What is Pre-Existing Disease?

The original definition describes pre-existing disease (PED) as the terminology used to refer a particular medical condition, injury or ailment, that existed when the policyholder purchased the health insurance policy. An insurance provider usually excludes PED from the scope of insurance cover until the completion of the initial waiting period. This waiting period ranges from 2 years to 4 years.

The IRDA has brought in 2 amendments in the original definition with an intent to widen the scope of insurance coverage for individuals ailing with PED and to reduce the rate of health insurance claim rejection. The two amendments done by IRDA are as under:

  1. On September 27th, 2019 IRDA issued amendment regulation stating that insurance companies must include certain illnesses and diseases if they were diagnosed in the policyholder within 3 months of purchase of the policy.
  2. On 10th February 2020, IRDA further amended the definition and now as per the recent circular, IRDA has deleted the ‘Additional/Modified Clause’. Thus, as per the new amendment, no disease or illness shall be considered as a pre-existing condition, if it is diagnosed within 3 months from the date of purchase of the policy or at any time later.

The new definition of pre-existing disease as per IRDAI circular consists of 3 important clauses as under:

  1. IRDAI defines a pre-existing disease as any condition, ailment, injury or disease which has been diagnosed by a doctor within 48 months i.e. 2 years prior to the date of issuance of health insurance policy by the insurer,
  2. As per IRDAI, pre-existing disease means any condition, ailment, injury or disease for which medical treatment was advised by or received from, a doctor within 48 months i.e. 2 years prior to the date of issuance of health insurance policy by the insurer,
  3. IRDA states, the insurance provider may define the norms of PED applicability at the time of reinstatement.

The new definition of pre-existing disease has deleted the following clause related to PED in the old definition:

The pre-existing disease is any condition, ailment, injury, or disease for which any symptom and signs if presented are leading to an illness or disease within less than 3 months of issuance of the policy. Also, one of the most important aspects of pre-existing disease is that it does not apply to overseas travel insurance.

How does the new amendment in the pre-existing disease help policyholders?

With the recent change in the definition of pre-existing disease, IRDA has silently issued a tab on the health insurance companies. Owing to the earlier definition of PEDs the health insurance providers were rejecting insurance claim and even the waiting period was creating a hindrance for insurance cover. So even after paying a hefty premium amount, the claim rejection rate was high.
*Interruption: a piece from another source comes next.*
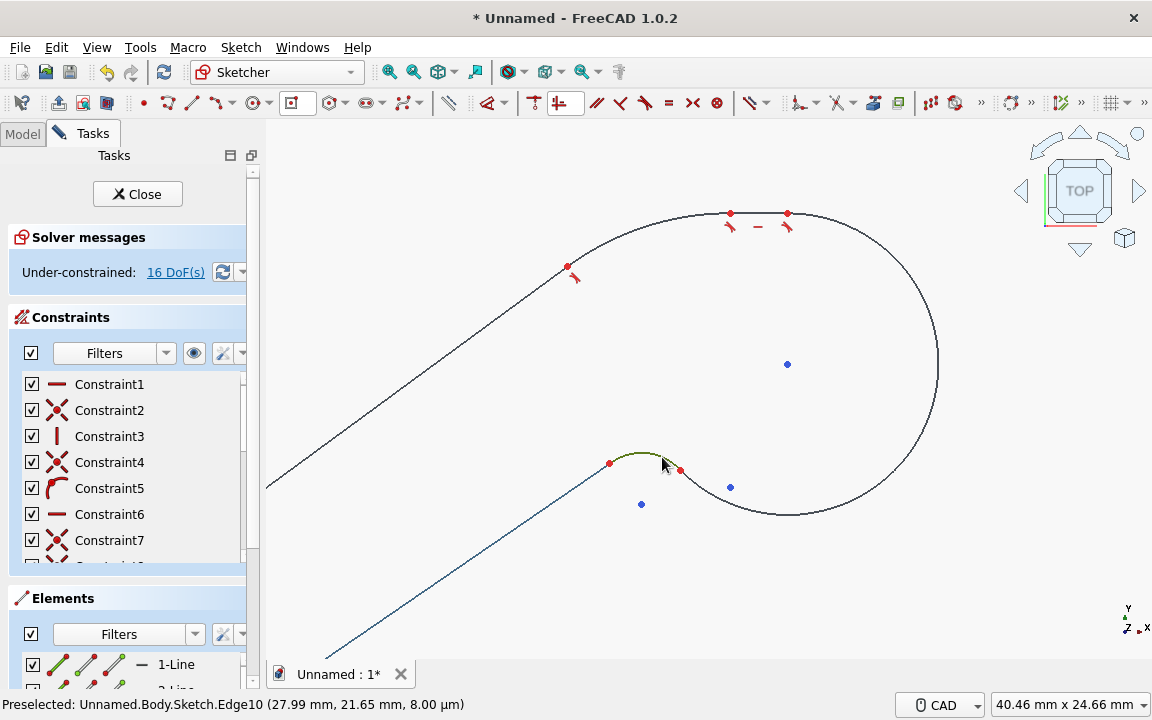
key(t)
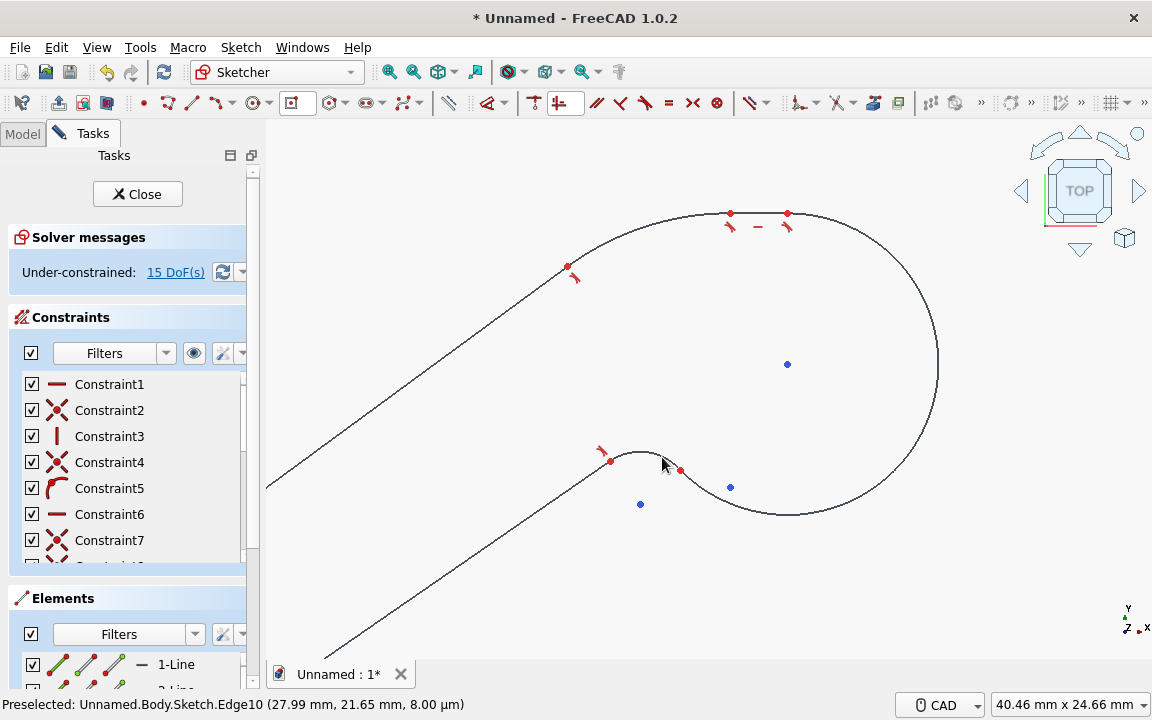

However, the recent move could undoubtedly reduce the rate of health insurance claim rejection.

Additionally, the IRDAI has stated in its new directive, has advised all insurance providers, third-party administrators (TPAs), insurance agents, and brokers, wherever applicable, to make necessary changes and ensure complete compliance of new directive with immediate effect.

Top 3 things to remember

The following are certain things that every prospective policyholder must keep in mind:

  1. To truthfully disclose medical history to the insurance provider
  2. To truthfully disclose details of any pre-existing disease, if any
  3. To understand that non-disclosure of the pre-existing disease might result in claim rejection or refusal from insurance provider to renew the policy

Final Words

Health insurance is an important investment. Ensure that you know and understand the terms and conditions as well as inclusions and exclusions of the policy. Do not forget to be transparent to the insurance provider.